- Born: February 20, 1960 (age 66) Stanford, California
- Education: Stanford University (B.S., Biology 1981) Yale University (Ph.D.-MD, 1988)
- Children: 2
- Awards: Howard Hughes Medical Institute Research Physician Scientist Award Doris Duke Clinical Scientist Award Pew Scholar in the Biomedical Sciences
- Scientific career
- Fields: Virology

= Dean H. Kedes =

American scientist

Dean Hamilton Kedes (born February 20, 1960) is an American scientist in the field of virology and former director of the medical scientist training program at the University of Virginia school of medicine.

==Education==
Kedes was born in 1960 to Shirley and Laurence H. Kedes. He earned a BS in biology from Stanford University where he conducted neurobiology research under Eric Shooter. Following completion of his undergraduate degree, Kedes matriculated into the MD-PhD track at Yale University School of Medicine, obtaining his dual degrees in 1988. His thesis was on pre-mRNA splicing completed under Joan A. Steitz. Kedes returned to Stanford University to do a residency in internal medicine from 1988-1991. In 1992 he completed an infectious disease fellowship at University of California San Francisco. From 1993-1996 he held a post doctoral position under Donald Ganem where he was awarded a Howard Hughes Medical Institute Post-doctoral Physician Scientist fellowship.

==Career==
Kedes was recruited to the University of Virginia in 1999. He was promoted to associate professor in 2004 and full professor in 2015. He is currently a professor in the Department of Microbiology, Immunology, and Cancer Biology as well as in Medicine, Division of Infectious Diseases and International Health. In 2014 he was selected to head the university's medical scientist training program following the 16-year tenure of previous director Gary K. Owens.

==Research==
Kedes' lab focuses on the pathogenesis of Kaposi's sarcoma-associated herpesvirus, including isolation and characterization of viral genes and their protein products; determination of the protein composition, spatial arrangement and assembly of viral and subviral particles; identification of the cell types initially infected during primary transmission in humans; and the connection between viral and human genomes during chronic infection.

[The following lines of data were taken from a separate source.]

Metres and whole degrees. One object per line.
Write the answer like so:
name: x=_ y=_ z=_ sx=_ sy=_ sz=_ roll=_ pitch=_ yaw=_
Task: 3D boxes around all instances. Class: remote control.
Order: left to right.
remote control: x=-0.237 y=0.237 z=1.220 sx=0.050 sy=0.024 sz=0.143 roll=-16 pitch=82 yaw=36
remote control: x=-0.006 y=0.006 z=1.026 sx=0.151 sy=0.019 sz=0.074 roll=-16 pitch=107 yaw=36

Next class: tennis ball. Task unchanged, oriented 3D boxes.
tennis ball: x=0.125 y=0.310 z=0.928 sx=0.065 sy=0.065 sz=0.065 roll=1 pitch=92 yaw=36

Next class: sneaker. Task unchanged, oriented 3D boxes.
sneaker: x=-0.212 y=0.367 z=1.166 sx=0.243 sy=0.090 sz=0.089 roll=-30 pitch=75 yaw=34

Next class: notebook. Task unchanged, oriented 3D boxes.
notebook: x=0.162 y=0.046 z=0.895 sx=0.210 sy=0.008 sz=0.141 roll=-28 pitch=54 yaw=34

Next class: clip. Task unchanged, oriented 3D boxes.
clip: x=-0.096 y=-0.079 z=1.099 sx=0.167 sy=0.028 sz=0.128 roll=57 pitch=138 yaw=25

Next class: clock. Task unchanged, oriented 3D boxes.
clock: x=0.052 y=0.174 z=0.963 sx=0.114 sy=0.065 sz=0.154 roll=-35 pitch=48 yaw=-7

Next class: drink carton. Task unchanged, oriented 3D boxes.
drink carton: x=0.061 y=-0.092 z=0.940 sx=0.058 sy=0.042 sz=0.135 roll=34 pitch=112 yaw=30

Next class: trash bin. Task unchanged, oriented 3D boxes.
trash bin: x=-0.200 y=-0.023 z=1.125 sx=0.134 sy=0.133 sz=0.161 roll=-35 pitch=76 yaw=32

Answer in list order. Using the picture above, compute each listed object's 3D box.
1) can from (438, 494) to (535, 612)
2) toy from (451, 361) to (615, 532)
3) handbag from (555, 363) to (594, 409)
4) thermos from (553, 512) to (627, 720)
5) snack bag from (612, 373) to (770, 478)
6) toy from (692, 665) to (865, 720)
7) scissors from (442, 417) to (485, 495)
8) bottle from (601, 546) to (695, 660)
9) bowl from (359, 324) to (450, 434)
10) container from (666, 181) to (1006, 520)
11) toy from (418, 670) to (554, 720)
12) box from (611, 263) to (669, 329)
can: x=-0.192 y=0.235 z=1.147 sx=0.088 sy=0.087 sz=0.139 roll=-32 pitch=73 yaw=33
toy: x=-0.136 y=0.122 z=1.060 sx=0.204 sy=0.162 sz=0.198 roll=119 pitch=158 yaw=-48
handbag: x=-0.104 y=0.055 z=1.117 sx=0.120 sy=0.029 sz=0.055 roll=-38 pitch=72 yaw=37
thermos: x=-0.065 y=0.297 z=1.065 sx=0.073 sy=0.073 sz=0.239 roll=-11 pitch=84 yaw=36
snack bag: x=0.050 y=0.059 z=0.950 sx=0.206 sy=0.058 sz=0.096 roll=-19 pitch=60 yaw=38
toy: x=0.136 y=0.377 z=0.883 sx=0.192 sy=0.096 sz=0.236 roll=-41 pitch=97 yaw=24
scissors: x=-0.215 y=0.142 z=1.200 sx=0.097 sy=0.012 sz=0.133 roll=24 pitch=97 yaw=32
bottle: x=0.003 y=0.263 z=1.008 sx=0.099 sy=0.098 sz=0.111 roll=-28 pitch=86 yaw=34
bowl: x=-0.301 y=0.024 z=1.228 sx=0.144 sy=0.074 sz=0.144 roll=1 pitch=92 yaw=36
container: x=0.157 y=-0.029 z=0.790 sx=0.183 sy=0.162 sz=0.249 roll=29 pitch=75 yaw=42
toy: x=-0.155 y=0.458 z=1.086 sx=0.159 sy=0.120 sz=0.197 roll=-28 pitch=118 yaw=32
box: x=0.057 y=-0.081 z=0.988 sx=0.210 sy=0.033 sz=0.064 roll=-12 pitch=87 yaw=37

Kedes has received a Doris Duke Clinical Scientist Award, a Pew Scholarship in the Biomedical Sciences, and the Elizabeth Glaser Pediatric AIDS Basic Science Award. His work has been supported by grants from the National Institutes of Health since 2000.

==Key papers==
- Renne R, Zhong W, Herndier B, et al. Lytic growth of Kaposi's sarcoma-associated herpesvirus (human herpesvirus 8) in culture. Nature Medicine. 1996;2(3):342-346.
- Kedes DH, Operskalski E, Busch M, Kohn R, Flood J, Ganem D. The seroepidemiology of human herpesvirus 8 (Kaposi's sarcoma-associated herpesvirus): distribution of infection in KS risk groups and evidence for sexual transmission. Nature Medicine. 1996;2(8):918-924.
- Martin JN, Ganem DE, Osmond DH, Page-Shafer KA, Macrae D, Kedes DH. Sexual Transmission and the Natural History of Human Herpesvirus 8 Infection. New England Journal of Medicine. 1998;338(14):948-954.
- Parsons CH, Adang LA, Overdevest J, et al. KSHV targets multiple leukocyte lineages during long-term productive infection in NOD/SCID mice. Journal of Clinical Investigation. 2006;116(7):1963-1973.
- Adang LA, Parsons CH, Kedes DH. Asynchronous Progression through the Lytic Cascade and Variations in Intracellular Viral Loads Revealed by High-Throughput Single-Cell Analysis of Kaposi's Sarcoma-Associated Herpesvirus Infection. Journal of Virology. 2006;80(20):10073-10082.
- Hassman, L.H., Ellison, T.J., Kedes, D.H. KSHV infects a subset of human tonsillar B cells, driving proliferation and plasmablast differentiation. Journal of Clinical Investigation. 2011, 121(2): 752–768 .
- Woodson, E.N., Anderson, M.A., Loftus, M.S., and Kedes, D.H. Progressive accumulation of activated ERK2 within highly stable ORF45-containing nuclear complexes promotes lytic gammaherpesvirus infection 2014 PLoS Pathogen. 10(4): e1004066.